In 2024, Hitachi Energy and the German TSO TransnetBW announced they were collaborating on an E-STATCOM project. They are adding two E-STATCOMs on the German transmission system. The Hitachi Energy Enhanced STATCOM with grid stabilization will improve power quality to TransnetBW’s customers. The project consists of E-STATCOMs using supercapacitor energy storage to absorb and/or inject power into the grid. The E-STATCOMs are expected to be in service sometime in 2026.

In December 2024, the German TSO 50Hertz, announced a contract with GE Vernova and Nidec Conversion to deploy advanced STATCOM technology on their system. GE Vernova will supply three advanced STATCOM FACTSFLEX GFM devices. Nidec Conversion will provide one E-STATCOM with short-term energy storage system utilizing supercapacitors. According to the news release, the installations are needed due to the growing amounts of wind and solar being integrated into the German grid.

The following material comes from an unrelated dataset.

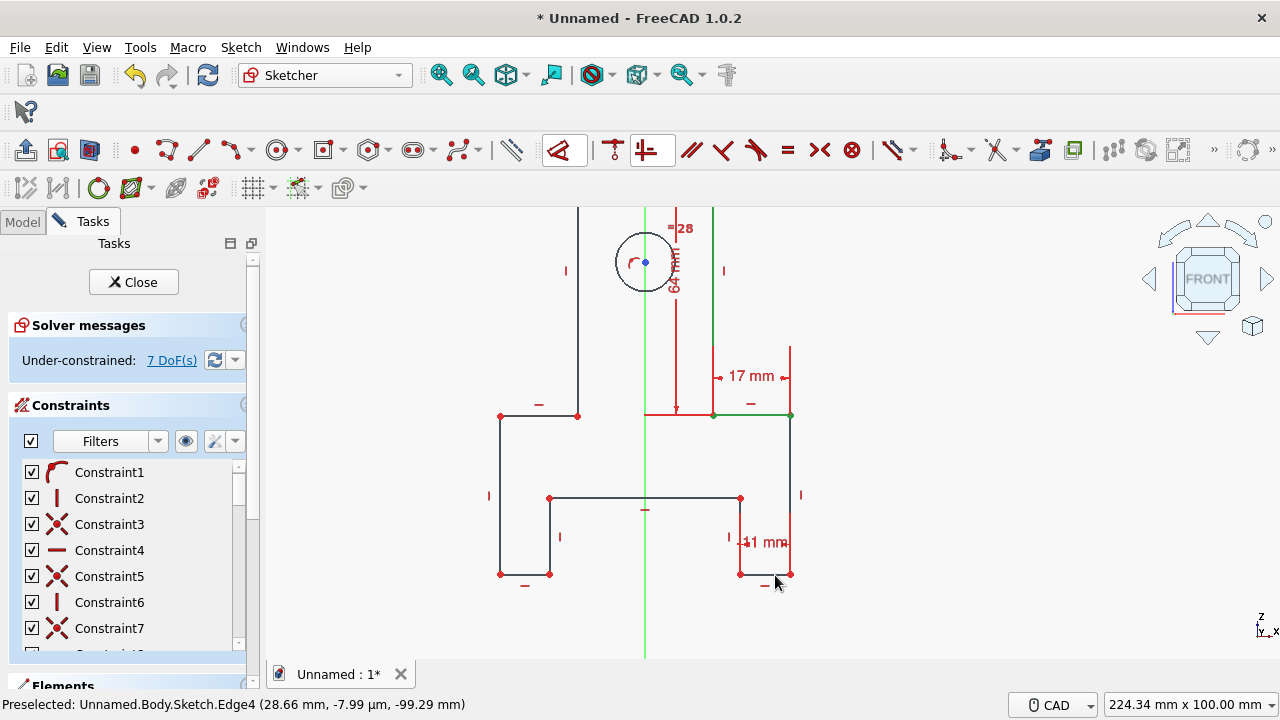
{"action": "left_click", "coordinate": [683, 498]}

Operations are expected to begin by 2028.

Grand View Research estimated the global STATCOM market was about US$1.26 billion in 2025 and project its expansion to reach US$2.69 billion by 2033. They attributed the market growth to “the rapid integration of renewable energy sources into global power grids.” They recognize that the market will benefit from technological advancements in STATCOM design including those addressing voltage and frequency instability caused by rising renewable energy penetration.

Gaining Momentum

Those renewable energy sources are expected to continue their explosive growth. By some estimates that expansion is expected to hit 50% of global electricity generation capacity by 2030. Tools like E-STATCOMs and their ability to emulate rotational inertia are essential to utilities and grid operators. They play a critical role for integrating more wind and solar onto the power grid by providing fast and controllable bulk active power keeping the power grid stable.

Enhancements like the E-STATCOMs are providing the tools needed for strengthening the overall performance of power delivery systems worldwide. The fact that manufacturers keep expanding the technologies we rely on is mind boggling, amazing both the techie and newcomers alike. It makes you wonder how they continue to persist in sharpening that cutting-edge of technological advancement, but it’s an undertaking that must happen. A transitioning power grid requires a great deal of innovation!